Em 2009, o faturamento líquido do grupo no País foi de R$ 3,8 bilhões, com um recuo de 20% sobre 2008 atribuído à queda nas exportações de tecnologias automotivas para os Estados Unidos e Europa. “Em 2010, o volume de exportação deve continuar baixo devido ao custo Brasil e à valorização do real frente ao dólar”, diz Nobis.

Na América Latina a Bosch continua focada na expansão regional e na diversificação dos negócios na América Latina, onde o segmento automotivo representa 73% do faturamento do grupo. “Queremos manter e até aumentar a nossa participação no segmento automotivo, porém, estamos focados em ampliar os negócios nas áreas de bens de consumo e construção e tecnologia industrial”, afirma Nobis.


Investimento

Apesar das dificuldades no ano passado, a Bosch manteve os investimentos em pesquisa e desenvolvimento que, no Brasil, representaram cerca de 4% do faturamento do grupo no país.
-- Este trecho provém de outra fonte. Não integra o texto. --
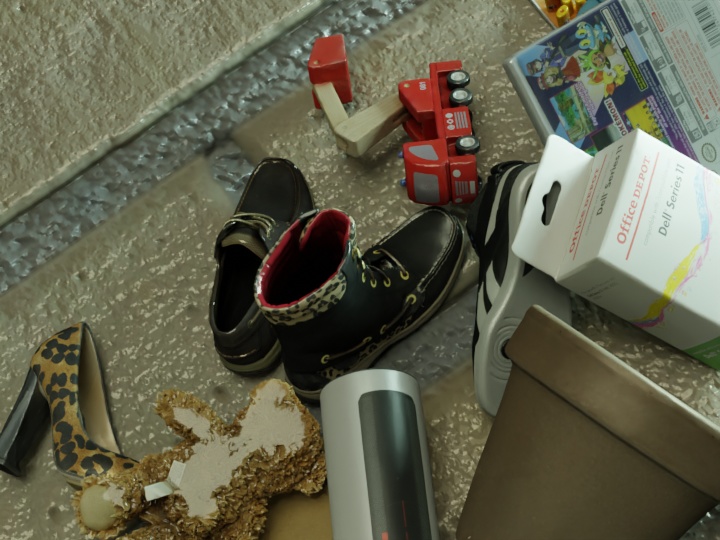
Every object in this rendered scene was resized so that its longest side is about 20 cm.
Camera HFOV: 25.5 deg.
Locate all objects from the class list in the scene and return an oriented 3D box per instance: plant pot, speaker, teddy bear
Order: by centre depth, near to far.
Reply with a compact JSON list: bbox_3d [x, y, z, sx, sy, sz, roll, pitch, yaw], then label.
[{"bbox_3d":[0.161,0.150,1.131,0.200,0.200,0.175,33,93,29],"label":"plant pot"},{"bbox_3d":[0.017,0.180,1.177,0.080,0.081,0.202,-12,60,10],"label":"speaker"},{"bbox_3d":[-0.122,0.166,1.223,0.145,0.067,0.200,39,75,13],"label":"teddy bear"}]

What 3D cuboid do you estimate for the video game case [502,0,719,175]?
[{"bbox_3d":[0.234,-0.121,1.258,0.181,0.023,0.201,-30,99,-8],"label":"video game case"}]

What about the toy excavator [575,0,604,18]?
[{"bbox_3d":[0.223,-0.157,1.331,0.200,0.100,0.195,-43,60,6],"label":"toy excavator"}]

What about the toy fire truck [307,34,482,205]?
[{"bbox_3d":[0.027,-0.130,1.363,0.140,0.049,0.201,-6,43,3],"label":"toy fire truck"}]

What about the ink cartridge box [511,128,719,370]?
[{"bbox_3d":[0.224,-0.023,1.197,0.199,0.067,0.118,27,66,-15],"label":"ink cartridge box"}]

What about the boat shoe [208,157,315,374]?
[{"bbox_3d":[-0.083,-0.014,1.340,0.074,0.073,0.202,-2,62,15],"label":"boat shoe"}]

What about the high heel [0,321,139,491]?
[{"bbox_3d":[-0.201,0.118,1.305,0.199,0.072,0.143,13,65,26],"label":"high heel"}]

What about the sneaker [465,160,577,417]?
[{"bbox_3d":[0.121,0.012,1.276,0.072,0.112,0.202,10,94,-17],"label":"sneaker"}]

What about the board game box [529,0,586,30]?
[{"bbox_3d":[0.215,-0.334,1.459,0.199,0.026,0.201,-32,58,-2],"label":"board game box"}]

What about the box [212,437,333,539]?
[{"bbox_3d":[-0.032,0.232,1.220,0.162,0.021,0.201,-24,58,2],"label":"box"}]

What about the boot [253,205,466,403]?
[{"bbox_3d":[0.000,0.000,1.263,0.200,0.151,0.073,-43,59,-11],"label":"boot"}]
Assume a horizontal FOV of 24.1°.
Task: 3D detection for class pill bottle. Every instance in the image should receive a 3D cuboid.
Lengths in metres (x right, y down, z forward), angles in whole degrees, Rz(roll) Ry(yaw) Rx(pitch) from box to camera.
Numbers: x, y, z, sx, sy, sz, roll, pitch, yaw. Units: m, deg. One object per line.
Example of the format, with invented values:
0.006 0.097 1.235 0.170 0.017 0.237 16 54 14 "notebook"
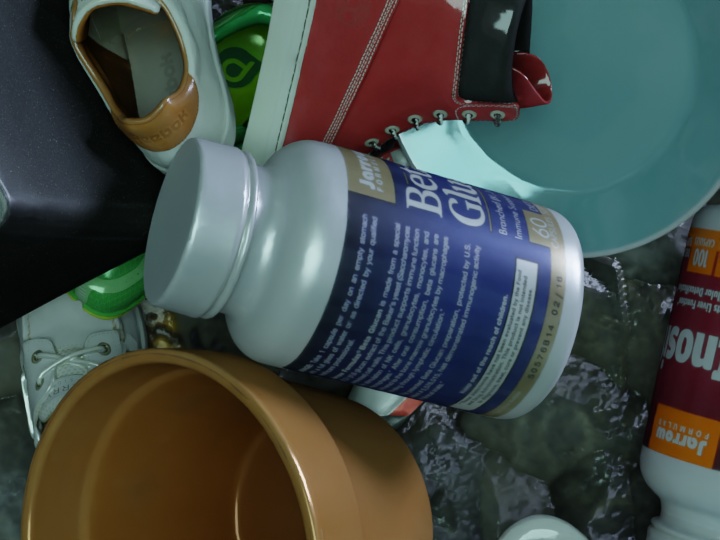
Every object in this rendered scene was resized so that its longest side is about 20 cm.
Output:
0.000 0.000 0.827 0.198 0.111 0.112 14 91 -21 "pill bottle"
0.217 0.072 0.925 0.112 0.113 0.202 12 90 -2 "pill bottle"

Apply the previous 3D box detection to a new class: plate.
0.109 -0.107 0.881 0.198 0.026 0.202 4 106 15 "plate"

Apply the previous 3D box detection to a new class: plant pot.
-0.226 -0.057 0.803 0.198 0.177 0.201 -27 93 7 "plant pot"
-0.057 0.137 0.862 0.199 0.139 0.202 0 91 37 "plant pot"

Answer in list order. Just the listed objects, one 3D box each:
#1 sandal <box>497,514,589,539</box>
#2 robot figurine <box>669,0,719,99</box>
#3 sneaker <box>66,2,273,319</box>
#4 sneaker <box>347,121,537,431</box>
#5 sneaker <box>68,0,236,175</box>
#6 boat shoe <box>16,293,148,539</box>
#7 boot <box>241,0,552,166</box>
0.126 0.223 0.958 0.082 0.050 0.204 -28 106 2 "sandal"
0.213 -0.141 0.918 0.124 0.150 0.201 -27 91 -31 "robot figurine"
-0.102 -0.068 0.913 0.074 0.084 0.201 32 80 -4 "sneaker"
0.025 0.002 0.941 0.108 0.067 0.202 41 86 -1 "sneaker"
-0.114 -0.149 0.845 0.072 0.085 0.202 -24 71 11 "sneaker"
-0.151 0.067 0.932 0.070 0.069 0.202 -13 90 1 "boat shoe"
0.018 -0.074 0.866 0.143 0.073 0.201 19 131 4 "boot"

Para 2010, a empresa pretende manter o mesmo nível de investimento e o principal foco de são as tecnologias que contribuem para a conservação e proteção do meio ambiente, como sistemas bicombustíveis para veículos diesel e o Eco Starter, motor de partida utilizado no Start/Stop, sistema que desliga o motor automaticamente quando o veículo está parado por longo período, como no congestionamento urbano.

Para esse ano, estão previstos também investimentos da ordem de R$ 45 milhões em ativos fixos no Brasil, que incluem a modernização e ampliação da capacidade produtiva de algumas linhas de componentes automotivos, entre eles bombas de combustível e corpos de borboleta para o sistema flex.